Recorded data:
-------------------------
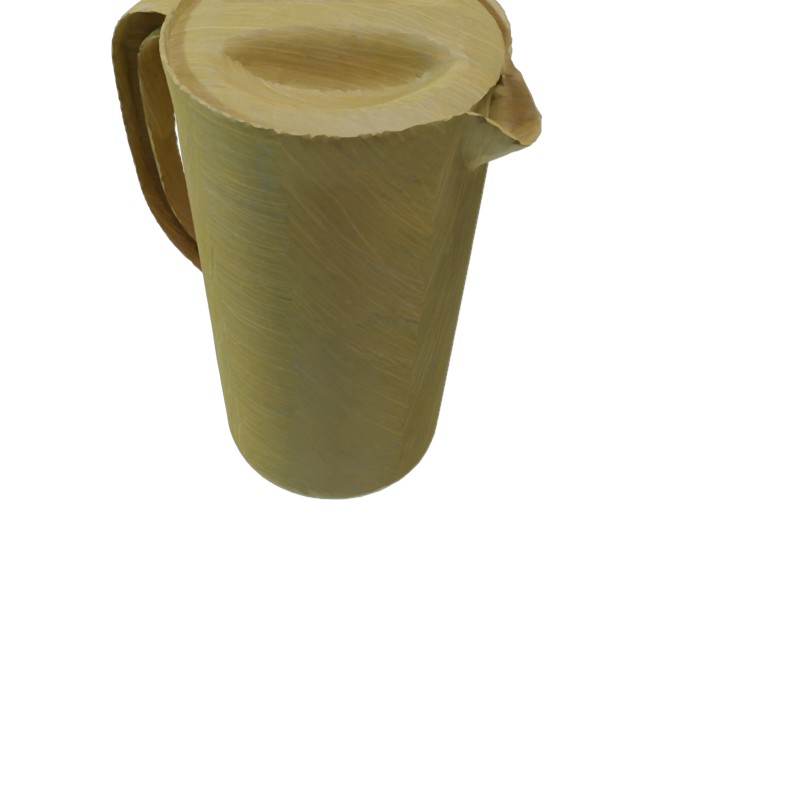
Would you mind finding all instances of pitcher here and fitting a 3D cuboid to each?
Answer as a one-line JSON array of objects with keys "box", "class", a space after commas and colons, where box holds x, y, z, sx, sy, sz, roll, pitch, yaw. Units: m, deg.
[{"box": [-0.039, -0.071, 0.498, 0.143, 0.162, 0.226, -12, -42, -14], "class": "pitcher"}]
-------------------------
Exercise description:
Everything in the material except the pictures should be output verbatim.

Exercise solution:
Would you mind finding all instances of pitcher here and fitting a 3D cuboid to each?
Answer as a one-line JSON array of objects with keys "box", "class", a space after commas and colons, where box holds x, y, z, sx, sy, sz, roll, pitch, yaw. Units: m, deg.
[{"box": [-0.039, -0.071, 0.498, 0.143, 0.162, 0.226, -12, -42, -14], "class": "pitcher"}]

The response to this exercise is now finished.